Но — стоп. Поезд пошел по другому пути. Осколки остались иные. Этой встречи и воспоминаний не будет. Может быть, та самая коротконогая толстуха, спившаяся, с растрепанными волосами и постаревшая, вспомнит на лавочке у подъезда с такими же пенсионерами, как однажды везла из гематологического отделения мертвого мальчика с шахматной доской, потому как не желал ни в какую с ней расставаться. Да и то вряд ли. Если она и жива до сих пор, нет надежды, что ее злая и равнодушная память что-нибудь сохранила. Разве что скрип каталки.
* * *
Свою сестру в детстве я помню плохо. А если что-то и вспоминаю, когда мы приезжаем друг к другу в гости, так это какие-нибудь ее пакости. Она вспоминает другое, хорошее, что для меня сделала, но я почему-то ничего не помню. Вздорный, грубый, отвратительный характер сохранился у нее до сих пор.
Вскоре после того, как меня выписали, она вышла замуж и уехала с мужем в Подмосковье зарабатывать себе квартиру, тогда это было возможно, и за четыре года труда на Щуровском цементном заводе они получили отдельную трехкомнатную квартиру в центре Коломны. У сестры две сейчас уже взрослые дочери, мои племянницы, но, даже постарев, она ведет с себя с ними безобразно, как со мной в детстве: оскорбляет, проклинает, пытается поднять руку и всюду сует длинный в прямом смысле этого слова нос.

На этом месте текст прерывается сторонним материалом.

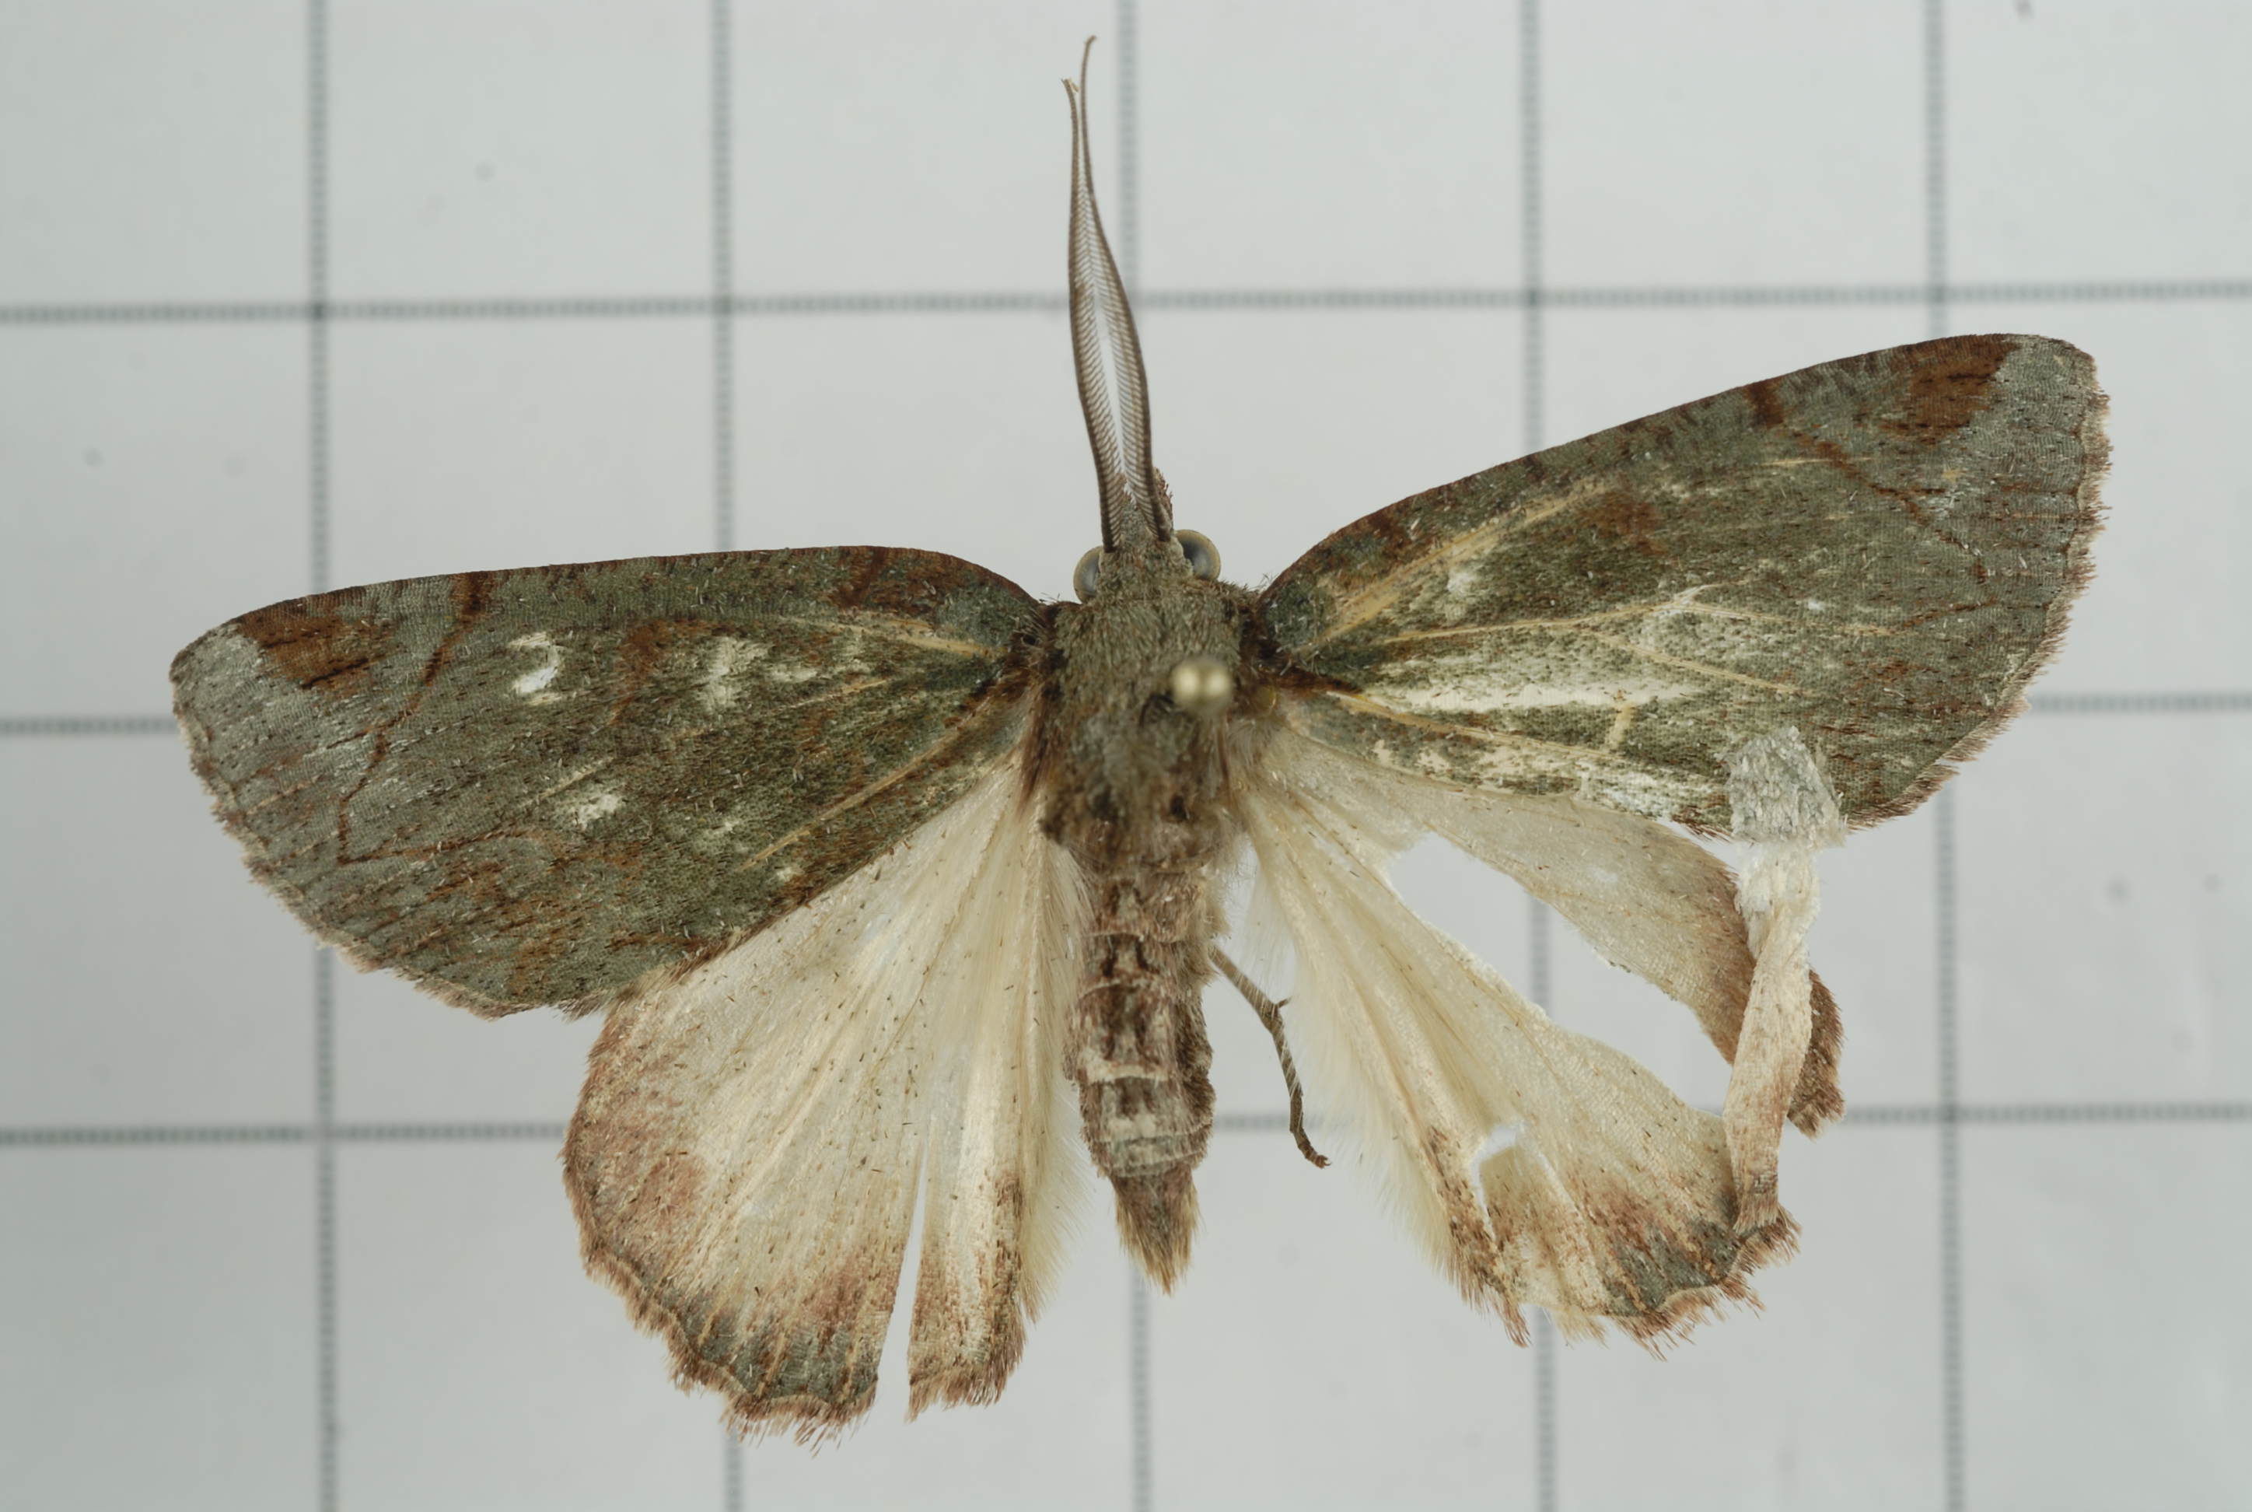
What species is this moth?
Dindica purpurata
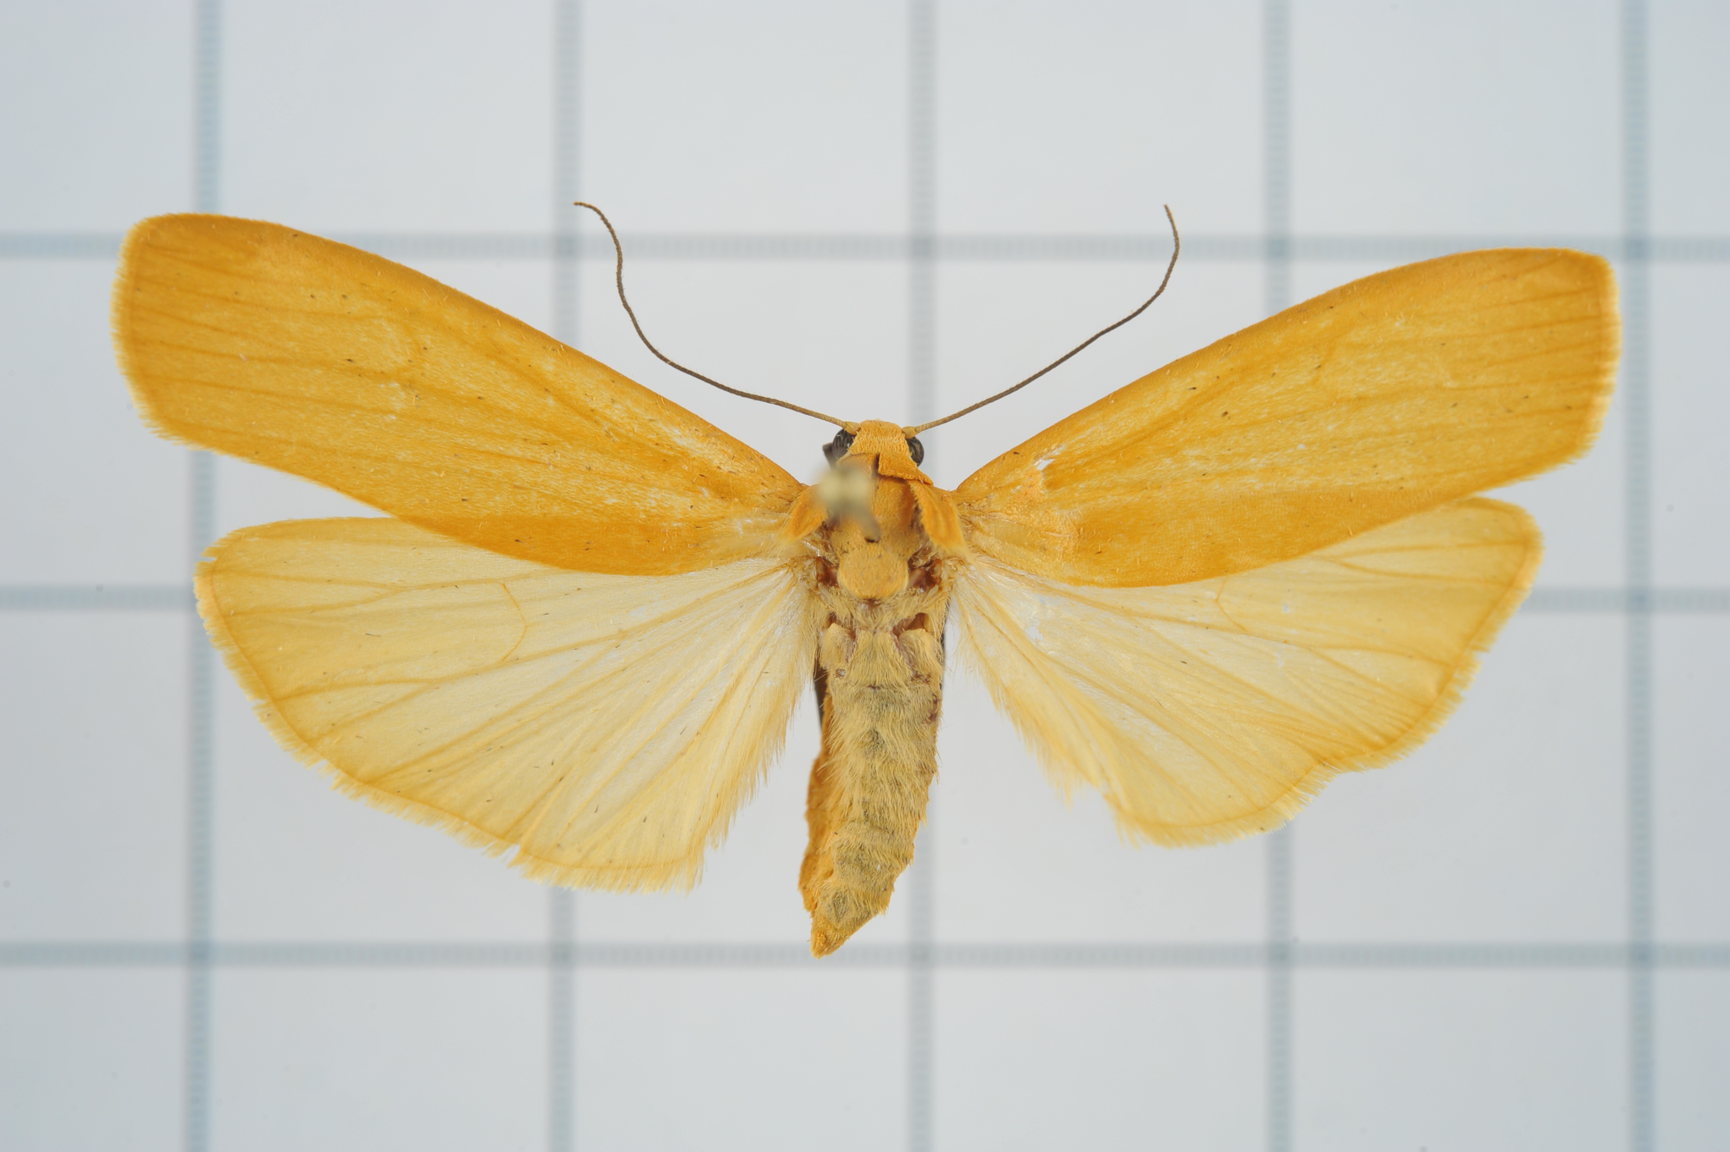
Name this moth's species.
Katha magnata magnata
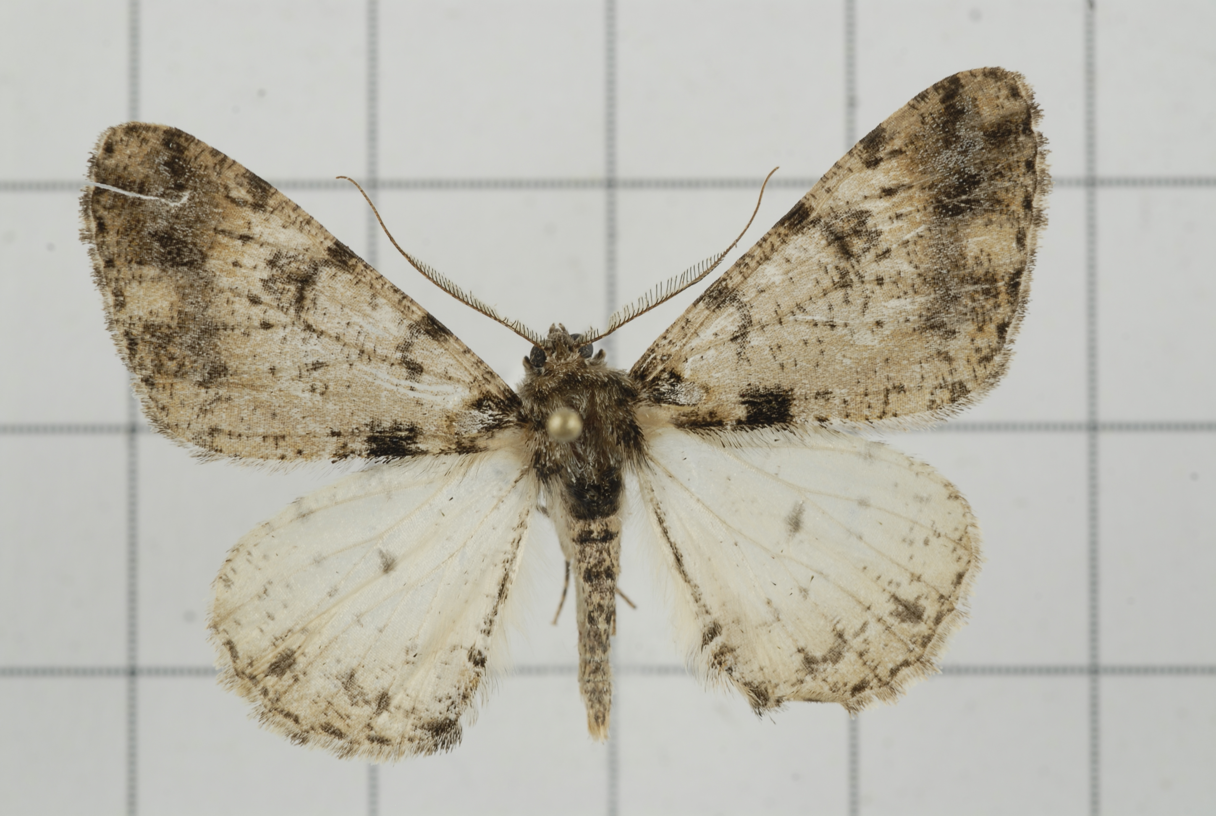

Помню, перед тем как уйти в армию двоюродный брат Вовка, тот, что красил рыжеватые волосы в черный цвет, подарил мне фотоаппарат «Виллия-авто». Шикарный, надо признать, сделал мне подарок, потому как — крестный, а я ему крестник. Фотобачок подарил новый, а увеличитель свой, старый, но научить премудростям фотодела меня не успел, пообещав, что в первом же письме подробно напишет, как проявлять пленку и печатать фотографии. Хорошо помню, с каким нетерпением ждал я это письмо, потому как пленку исщелкал, и не терпелось собственноручно нашлепать фотографии.
И вот, помню, прихожу из школы, заглянув предварительно в почтовый ящик, а конверт уже у сестры в руках, дразнит, драконит, заставляя то плясать, то песни петь. Начинаю конверт отнимать. Когда справиться со мной становится сложно, сестра закрывается в спальне, дверь на замок, шуршит бумагой, открывая конверт и доставая письмо, а потом начинает читать, посвящая меня после приветствия в таинства фотографического ремесла.
А я в ярости, я в бешенстве. Это же мое письмо! Это мне! На конверте стоит мое имя, и в скобках приписка, лично в руки, так почему кто-то, дразня, читает его мне вслух, хотя я и сам хорошо умею? Что за свинство?!
Сначала я луплю ногой по двери, а потом, когда сестра, продолжая читать, дает понять, что открывать не собирается, вышибаю ногой в тонком носочке толстенное стекло в двери. Рифленое, матовое стекло.
И вот тут сестра по-настоящему пугается и открывает. Я реву, у меня истерика. Матери нет, прибегает бабушка, кругом осколки, и бабушка меня не ругает за стекло, интересуется лишь: не порезался ли.
Нет, все нормально. Нога в порядке, а вот нервишки на взводе.
И много было таких моментов, которые я запомнил. Например, когда я не хотел есть, сестра грозилась вылить мне суп за шиворот, и несколько раз свое обещание сдерживала. Опять детские слезы, истерика у меня и я весь в супе.